Male gerbils of one month (body weight: 25–30 g) and six months (body weight: 65–75 g) of age were used as young and adult groups. The animals were provided by the Experimental Animal Center of Kangwon National University (Chuncheon, Kangwon, Republic of Korea). They were housed in a conventional state (room temperature, 23±0.5°C; humidity, 55±5%; 12:12 light/dark cycle) with freely accessible pellet feed and water. The protocol of this experiment was approved (approval no. KW-200113-1) by the Institutional Animal Care and Use Committee.

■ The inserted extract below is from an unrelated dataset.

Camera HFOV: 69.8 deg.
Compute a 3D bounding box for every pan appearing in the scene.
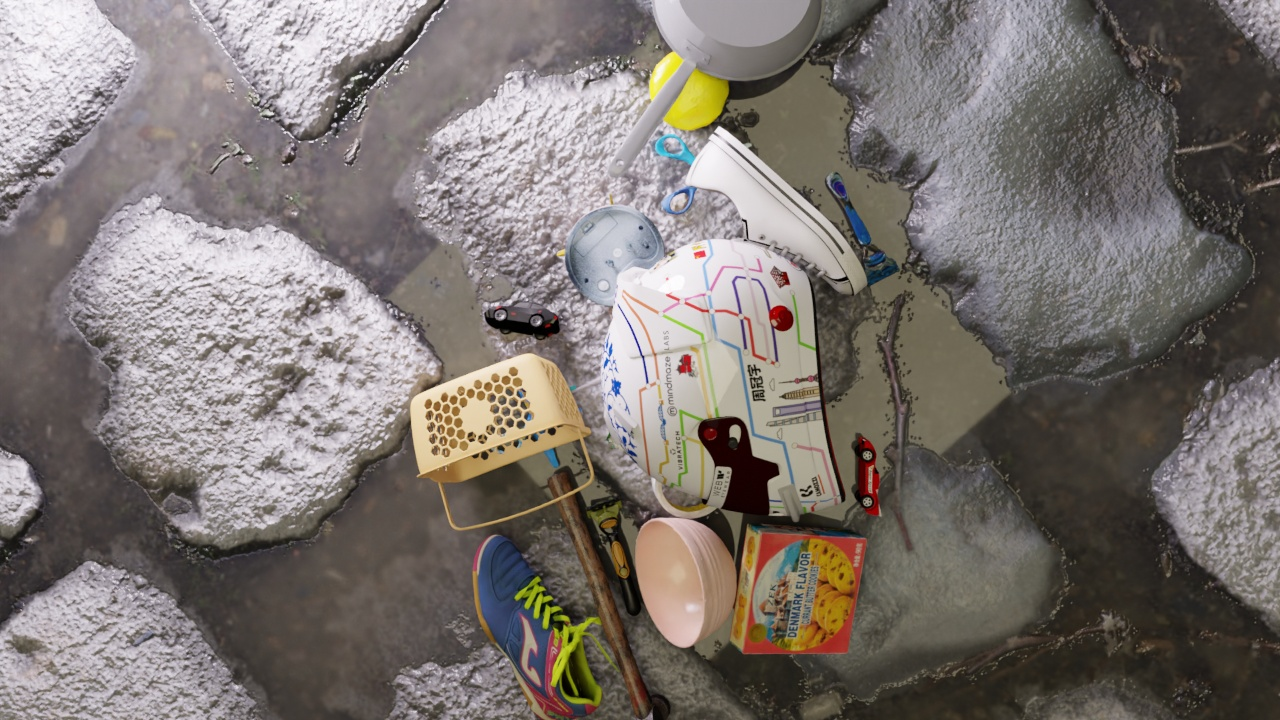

The gerbils used in this research were divided into four groups: i) adult sham group (n=28); ii) tFI-operated adult gerbils (adult ischemia group) (n=56); iii) young sham group (n=28); and iv) young ischemia group (n=56).

As previously described in our published papers (4,19,20), the surgical procedure of tFI in the gerbils was performed as follows. Briefly, the gerbils were adequately anesthetized using mixture of 2.5% isoflurane (Baxtor) in 67% nitrous oxide and 33% oxygen (21). Under the anesthesia, both common carotid arteries, which locate at the neck and supply arterial blood to the brain, were isolated and ligated for 5 min with aneurysm clips. Body temperature was checked using a rectal temperature probe and controlled at normothermic condition (37±0.5°C) using a thermometric blanket before and during tFI. After tFI, body temperature was controlled at normothermia until they awaked. The sham gerbils received the same tFI operation without the occlusion of the arteries.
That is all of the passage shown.